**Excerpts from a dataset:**
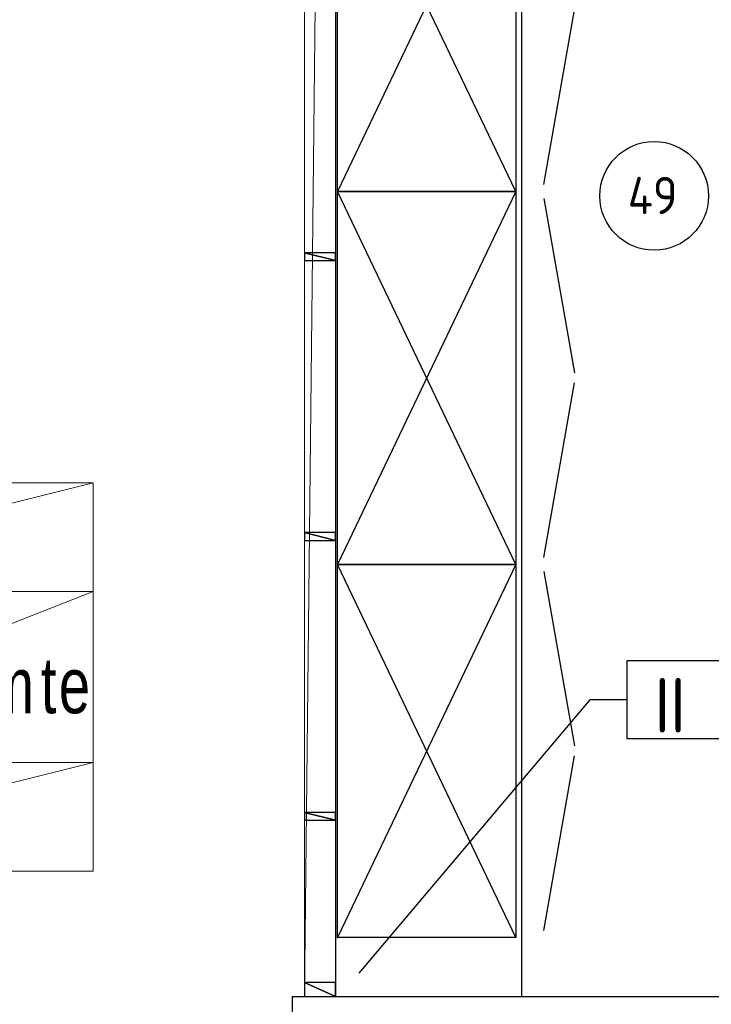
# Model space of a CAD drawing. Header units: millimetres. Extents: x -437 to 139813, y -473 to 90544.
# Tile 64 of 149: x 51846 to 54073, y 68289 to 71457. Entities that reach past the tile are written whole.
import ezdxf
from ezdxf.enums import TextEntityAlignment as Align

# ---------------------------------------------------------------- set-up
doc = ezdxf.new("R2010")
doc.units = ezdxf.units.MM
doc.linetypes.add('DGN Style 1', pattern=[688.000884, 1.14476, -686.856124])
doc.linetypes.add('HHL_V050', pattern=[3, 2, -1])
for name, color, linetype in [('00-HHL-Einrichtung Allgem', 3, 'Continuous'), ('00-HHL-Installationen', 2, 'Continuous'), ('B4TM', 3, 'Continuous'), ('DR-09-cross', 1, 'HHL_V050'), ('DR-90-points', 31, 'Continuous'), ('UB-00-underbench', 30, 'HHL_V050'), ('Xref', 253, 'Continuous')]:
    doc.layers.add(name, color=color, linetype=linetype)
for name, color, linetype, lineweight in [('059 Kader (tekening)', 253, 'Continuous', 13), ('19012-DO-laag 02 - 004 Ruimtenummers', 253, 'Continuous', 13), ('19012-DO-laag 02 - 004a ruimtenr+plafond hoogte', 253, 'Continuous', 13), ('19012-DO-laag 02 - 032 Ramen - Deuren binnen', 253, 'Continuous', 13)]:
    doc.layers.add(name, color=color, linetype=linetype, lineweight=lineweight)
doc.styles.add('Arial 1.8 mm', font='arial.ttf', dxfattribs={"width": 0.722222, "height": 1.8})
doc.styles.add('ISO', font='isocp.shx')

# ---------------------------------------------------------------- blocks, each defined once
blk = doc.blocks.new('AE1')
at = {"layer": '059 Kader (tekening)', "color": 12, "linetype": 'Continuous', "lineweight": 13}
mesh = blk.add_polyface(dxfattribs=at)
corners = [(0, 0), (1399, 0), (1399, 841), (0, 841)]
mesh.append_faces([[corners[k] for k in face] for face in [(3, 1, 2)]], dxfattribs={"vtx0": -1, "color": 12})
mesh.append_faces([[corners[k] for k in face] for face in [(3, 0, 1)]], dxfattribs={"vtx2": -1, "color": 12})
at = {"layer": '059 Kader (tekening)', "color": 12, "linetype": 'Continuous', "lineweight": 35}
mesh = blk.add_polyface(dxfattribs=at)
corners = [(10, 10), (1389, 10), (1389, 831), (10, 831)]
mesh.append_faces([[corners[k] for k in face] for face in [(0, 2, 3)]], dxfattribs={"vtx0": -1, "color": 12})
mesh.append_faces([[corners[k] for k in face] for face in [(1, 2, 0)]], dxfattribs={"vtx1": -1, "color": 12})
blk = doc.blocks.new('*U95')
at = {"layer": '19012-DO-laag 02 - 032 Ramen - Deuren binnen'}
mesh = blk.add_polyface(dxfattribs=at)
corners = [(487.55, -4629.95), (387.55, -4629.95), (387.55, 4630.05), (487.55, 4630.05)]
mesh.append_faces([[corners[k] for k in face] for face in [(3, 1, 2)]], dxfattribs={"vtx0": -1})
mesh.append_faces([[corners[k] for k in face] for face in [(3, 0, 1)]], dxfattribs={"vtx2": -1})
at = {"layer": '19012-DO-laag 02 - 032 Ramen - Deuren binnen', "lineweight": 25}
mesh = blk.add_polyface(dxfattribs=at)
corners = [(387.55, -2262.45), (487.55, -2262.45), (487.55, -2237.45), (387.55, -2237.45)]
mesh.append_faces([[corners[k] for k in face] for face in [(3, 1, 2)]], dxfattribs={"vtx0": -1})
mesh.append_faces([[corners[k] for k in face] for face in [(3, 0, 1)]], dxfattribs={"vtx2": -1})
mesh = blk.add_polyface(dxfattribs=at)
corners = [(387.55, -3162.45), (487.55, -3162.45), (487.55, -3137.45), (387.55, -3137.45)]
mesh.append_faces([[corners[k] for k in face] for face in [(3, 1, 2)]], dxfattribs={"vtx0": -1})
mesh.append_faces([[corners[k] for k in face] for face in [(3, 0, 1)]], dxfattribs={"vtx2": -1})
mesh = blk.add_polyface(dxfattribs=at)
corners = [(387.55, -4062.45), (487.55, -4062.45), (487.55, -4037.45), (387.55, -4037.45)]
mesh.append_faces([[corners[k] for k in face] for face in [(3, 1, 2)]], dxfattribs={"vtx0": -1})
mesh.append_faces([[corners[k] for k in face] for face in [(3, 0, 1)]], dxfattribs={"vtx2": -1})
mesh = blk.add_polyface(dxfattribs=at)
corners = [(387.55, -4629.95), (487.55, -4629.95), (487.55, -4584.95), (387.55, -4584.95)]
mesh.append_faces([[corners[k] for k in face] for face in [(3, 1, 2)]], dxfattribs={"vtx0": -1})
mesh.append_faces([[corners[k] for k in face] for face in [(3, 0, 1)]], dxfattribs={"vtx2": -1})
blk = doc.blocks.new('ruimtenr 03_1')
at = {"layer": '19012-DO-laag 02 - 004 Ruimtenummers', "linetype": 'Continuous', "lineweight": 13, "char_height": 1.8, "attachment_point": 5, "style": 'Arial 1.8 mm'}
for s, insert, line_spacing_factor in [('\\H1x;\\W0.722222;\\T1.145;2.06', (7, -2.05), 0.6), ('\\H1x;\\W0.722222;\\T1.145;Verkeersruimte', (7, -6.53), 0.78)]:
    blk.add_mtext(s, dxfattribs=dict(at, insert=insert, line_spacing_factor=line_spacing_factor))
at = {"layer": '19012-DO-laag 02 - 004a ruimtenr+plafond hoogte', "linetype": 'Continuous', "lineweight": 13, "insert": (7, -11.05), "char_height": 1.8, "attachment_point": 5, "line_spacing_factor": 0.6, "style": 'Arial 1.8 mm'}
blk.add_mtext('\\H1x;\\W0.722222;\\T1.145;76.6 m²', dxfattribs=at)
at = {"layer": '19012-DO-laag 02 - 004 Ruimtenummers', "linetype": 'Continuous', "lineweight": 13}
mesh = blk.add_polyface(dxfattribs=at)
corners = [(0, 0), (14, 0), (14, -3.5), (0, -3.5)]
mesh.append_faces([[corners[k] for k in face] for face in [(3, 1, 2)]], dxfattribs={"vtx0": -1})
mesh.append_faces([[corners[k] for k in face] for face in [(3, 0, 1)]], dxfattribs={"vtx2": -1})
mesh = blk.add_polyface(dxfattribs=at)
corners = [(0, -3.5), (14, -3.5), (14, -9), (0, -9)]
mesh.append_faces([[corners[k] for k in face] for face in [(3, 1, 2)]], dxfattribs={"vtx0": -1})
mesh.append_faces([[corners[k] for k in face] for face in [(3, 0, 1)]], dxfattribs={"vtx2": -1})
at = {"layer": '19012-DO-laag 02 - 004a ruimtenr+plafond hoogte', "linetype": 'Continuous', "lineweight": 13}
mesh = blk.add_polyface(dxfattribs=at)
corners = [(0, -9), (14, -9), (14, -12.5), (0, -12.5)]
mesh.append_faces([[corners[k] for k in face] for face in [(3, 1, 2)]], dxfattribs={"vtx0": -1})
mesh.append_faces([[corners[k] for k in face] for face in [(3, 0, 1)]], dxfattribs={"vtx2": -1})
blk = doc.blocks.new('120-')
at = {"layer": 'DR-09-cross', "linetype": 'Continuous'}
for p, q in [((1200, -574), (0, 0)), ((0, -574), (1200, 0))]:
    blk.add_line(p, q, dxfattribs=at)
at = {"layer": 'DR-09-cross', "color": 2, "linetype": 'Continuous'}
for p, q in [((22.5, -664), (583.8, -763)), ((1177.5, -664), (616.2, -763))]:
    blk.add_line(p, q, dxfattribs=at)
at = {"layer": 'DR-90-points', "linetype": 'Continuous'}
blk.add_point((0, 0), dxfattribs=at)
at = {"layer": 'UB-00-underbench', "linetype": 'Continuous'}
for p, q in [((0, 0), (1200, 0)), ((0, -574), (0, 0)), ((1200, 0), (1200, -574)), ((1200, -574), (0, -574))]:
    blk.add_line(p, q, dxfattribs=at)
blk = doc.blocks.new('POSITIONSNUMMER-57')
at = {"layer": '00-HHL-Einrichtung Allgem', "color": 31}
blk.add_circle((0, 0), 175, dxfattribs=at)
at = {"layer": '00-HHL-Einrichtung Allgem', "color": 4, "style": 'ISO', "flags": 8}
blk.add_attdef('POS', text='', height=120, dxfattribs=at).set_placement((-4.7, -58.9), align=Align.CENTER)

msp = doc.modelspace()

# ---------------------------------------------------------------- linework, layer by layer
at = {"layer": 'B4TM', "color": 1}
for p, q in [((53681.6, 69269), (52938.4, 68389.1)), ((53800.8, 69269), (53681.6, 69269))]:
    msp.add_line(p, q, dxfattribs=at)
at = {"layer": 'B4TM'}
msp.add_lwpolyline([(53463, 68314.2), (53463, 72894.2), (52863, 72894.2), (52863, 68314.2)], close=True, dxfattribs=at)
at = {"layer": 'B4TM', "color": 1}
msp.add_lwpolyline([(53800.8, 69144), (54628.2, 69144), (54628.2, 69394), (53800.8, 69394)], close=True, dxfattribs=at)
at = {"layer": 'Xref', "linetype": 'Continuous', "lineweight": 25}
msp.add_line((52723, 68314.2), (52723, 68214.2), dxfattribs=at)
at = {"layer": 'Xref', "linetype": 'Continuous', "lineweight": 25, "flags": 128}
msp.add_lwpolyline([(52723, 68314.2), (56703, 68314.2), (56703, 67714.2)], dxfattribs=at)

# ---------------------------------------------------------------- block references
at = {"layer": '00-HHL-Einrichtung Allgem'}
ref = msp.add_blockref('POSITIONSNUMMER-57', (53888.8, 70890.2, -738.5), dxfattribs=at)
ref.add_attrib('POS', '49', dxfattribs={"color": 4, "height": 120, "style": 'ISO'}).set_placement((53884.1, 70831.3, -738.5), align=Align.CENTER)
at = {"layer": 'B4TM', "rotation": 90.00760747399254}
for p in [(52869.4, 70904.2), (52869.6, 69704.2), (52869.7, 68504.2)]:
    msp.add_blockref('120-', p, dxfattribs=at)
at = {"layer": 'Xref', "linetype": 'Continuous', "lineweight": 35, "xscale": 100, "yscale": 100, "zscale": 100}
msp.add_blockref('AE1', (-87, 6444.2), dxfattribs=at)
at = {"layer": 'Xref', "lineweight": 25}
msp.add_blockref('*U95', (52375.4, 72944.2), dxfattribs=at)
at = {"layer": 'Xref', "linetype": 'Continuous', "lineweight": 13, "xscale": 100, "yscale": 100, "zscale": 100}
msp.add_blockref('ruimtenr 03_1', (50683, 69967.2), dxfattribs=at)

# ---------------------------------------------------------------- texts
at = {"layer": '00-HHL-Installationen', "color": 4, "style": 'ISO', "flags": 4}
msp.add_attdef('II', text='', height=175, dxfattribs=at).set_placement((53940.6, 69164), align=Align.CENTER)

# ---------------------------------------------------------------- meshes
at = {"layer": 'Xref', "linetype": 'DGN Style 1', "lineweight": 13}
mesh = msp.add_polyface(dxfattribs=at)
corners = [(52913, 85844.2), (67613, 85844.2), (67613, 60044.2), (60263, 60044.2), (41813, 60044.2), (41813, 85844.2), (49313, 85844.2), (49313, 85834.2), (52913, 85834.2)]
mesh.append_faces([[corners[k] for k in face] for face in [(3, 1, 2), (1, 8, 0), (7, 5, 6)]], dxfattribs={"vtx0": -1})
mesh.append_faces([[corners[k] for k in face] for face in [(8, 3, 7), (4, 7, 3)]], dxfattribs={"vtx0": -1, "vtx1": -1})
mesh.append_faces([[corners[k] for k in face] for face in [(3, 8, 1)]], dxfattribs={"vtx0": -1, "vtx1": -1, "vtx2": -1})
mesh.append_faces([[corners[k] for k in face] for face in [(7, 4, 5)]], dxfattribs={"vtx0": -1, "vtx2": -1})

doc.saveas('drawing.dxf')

**Exercise:** Search the records above for "insert" and copy every line that has it.

**Result of this exercise:**
for s, insert, line_spacing_factor in [('\\H1x;\\W0.722222;\\T1.145;2.06', (7, -2.05), 0.6), ('\\H1x;\\W0.722222;\\T1.145;Verkeersruimte', (7, -6.53), 0.78)]:
    blk.add_mtext(s, dxfattribs=dict(at, insert=insert, line_spacing_factor=line_spacing_factor))
at = {"layer": '19012-DO-laag 02 - 004a ruimtenr+plafond hoogte', "linetype": 'Continuous', "lineweight": 13, "insert": (7, -11.05), "char_height": 1.8, "attachment_point": 5, "line_spacing_factor": 0.6, "style": 'Arial 1.8 mm'}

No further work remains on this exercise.